Вот в комнату к ней заходит в своем первом вечернем платье, цветастом и отделанном рюшами Флоренс и, кружась, разглядывает себя в зеркало. А вот сестра будит ее в полночь, чтобы дать ей завернутые в салфетку пирожные. Она стащила их с вечеринки для Хенни… Вот, много, много раньше их с Флоренс наказывают. Они закрываются в спальне и рыдают в объятиях друг друга. И снова более близкая по времени картина: Флоренс рожает Пола. Хенни первой берет на руки младенца после того, как его заворачивают в пеленки; она подносит его к свету и внимательно изучает его крошечное личико… «О, он вылитый ты», – говорит она Флоренс. И он действительно походил на нее тогда, да и сейчас походит. Его аристократические черты лица и спокойная грация движений – все это от его матери.
Что она скажет Полу, когда он вернется и узнает, что произошло в его втором доме, как он его всегда называл? И что она скажет Фредди? Он будет раздавлен. Да, это несомненно раздавит его.
О, лучше вообще никого никогда не любить! Не полюби она тогда Дэна, она не сидела бы сейчас на скамейке в этом парке среди голубей, шума городского транспорта и равнодушных прохожих. Если бы она не была так сильно ранена… И она ясно увидела в этот момент свои стиснутые на коленях руки с вздувшимися от напряжения темно-синими жилами…
Наступило лето. Раскинувшийся под раскаленным бронзовым небосводом огромный город задыхался от невероятной жары. Ночью многие предпочитали спать на воздухе, спасаясь от москитов с помощью зажженных свеч из цитронеллы. Иногда, облокачиваясь на подоконник, Хенни видела засиживающихся допоздна людей, часто застывшую на крыльце одинокую фигуры мужчины или женщины, взгляд которых был устремлен во тьму.
Время от времени, под вечер, она отправлялась прокатиться на автобусе, идущем по Пятой авеню. За Гудзоном, в темном Палисейд-парк, сверкало несколько огней и ты легко мог представить себе, какой там влажный, насыщенный ароматами деревьев воздух. Она доезжала на автобусе до конечной остановки, а потом, на нем же, ехала назад.

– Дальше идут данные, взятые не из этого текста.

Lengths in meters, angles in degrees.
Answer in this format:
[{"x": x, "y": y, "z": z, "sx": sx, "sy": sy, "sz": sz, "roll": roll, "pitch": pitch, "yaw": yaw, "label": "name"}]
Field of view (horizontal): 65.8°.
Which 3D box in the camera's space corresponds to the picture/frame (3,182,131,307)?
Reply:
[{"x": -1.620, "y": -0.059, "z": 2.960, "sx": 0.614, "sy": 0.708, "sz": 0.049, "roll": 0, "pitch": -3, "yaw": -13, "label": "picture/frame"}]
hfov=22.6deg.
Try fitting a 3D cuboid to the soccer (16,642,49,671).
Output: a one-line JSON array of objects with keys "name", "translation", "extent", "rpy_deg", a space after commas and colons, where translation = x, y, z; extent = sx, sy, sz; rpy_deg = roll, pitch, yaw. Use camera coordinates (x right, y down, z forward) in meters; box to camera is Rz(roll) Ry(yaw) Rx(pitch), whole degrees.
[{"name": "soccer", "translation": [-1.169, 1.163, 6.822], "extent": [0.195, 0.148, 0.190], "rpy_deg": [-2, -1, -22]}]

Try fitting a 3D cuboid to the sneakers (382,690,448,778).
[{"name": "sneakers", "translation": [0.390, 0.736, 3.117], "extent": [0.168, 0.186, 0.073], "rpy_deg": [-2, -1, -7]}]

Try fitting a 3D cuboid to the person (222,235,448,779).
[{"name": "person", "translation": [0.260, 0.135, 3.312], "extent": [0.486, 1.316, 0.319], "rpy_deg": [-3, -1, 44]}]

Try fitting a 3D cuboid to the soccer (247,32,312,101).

Когда она возвращалась, стояла уже ночь; юные парочки обнимались, деля на двоих шарф или свитер; вокруг них явно не витала аура одиночества. Что они знали?! Она смотрела на них с жалостью и презрением. Лучше им не заглядывать в будущее и не строить никаких планов! Нередко ее охватывало желание протянуть руку и коснуться плеча сидевшей впереди девушки, головка которой так доверчиво покоилась на плече мужчины… протянуть руку и сказать… сказать что?
Однажды вечером, возвратившись домой с очередной прогулки, она застала там поджидавшего ее брата.
– Какая жара, – произнес он, обмахиваясь газетой, как веером.
Судя по его высокому крахмальному воротничку и канотье, на которое он сменил свой обычный черный котелок, так как день памяти погибших в войнах[49] был позади и наступило лето, он явился к ней прямо из конторы.
– Какая жара! – повторил он. – Ты выглядишь измученной, Хенни.
– Со мной все в порядке, – у нее не было никакого желания выслушивать слова сочувствия. – Я только что проехалась на автобусе. А почему ты не за городом?
– Мы едем в пятницу, как только у Мег закончатся занятия в школе. Хенни, сколько это еще будет продолжаться? Мы все о тебе очень тревожимся.
– Пожалуйста, не тревожьтесь. Я сказала тебе, со мной все в порядке.
– Ты собираешься подавать на развод?
– Для этого нет никаких оснований. И потом, мне совсем не хочется этим заниматься.
– Тогда, может быть, вы в будущем вновь сойдетесь?
– Нет. Для меня пути назад нет. Альфи прищелкнул языком.
– Могу с уверенностью сказать лишь то, что я совсем ничего не понимаю! Хотел бы я знать, в чем тут дело! Тогда, по крайней мере, я мог бы попытаться помирить вас с Дэном, – на лице его появилось расстроенное выражение. – Никто ни с кем больше ни о чем не говорит. Эта ваша старая ссора с Флоренс, кому все это нужно? Почему мы с Эмили никогда ни с кем не ссоримся?!
– Как Эмили? Как Мег?
– У Эмили все прекрасно. Она занята сейчас упаковкой летних вещей. А Мег… Мег стала прямо-таки гордостью школы. В этом она явно пошла не в меня.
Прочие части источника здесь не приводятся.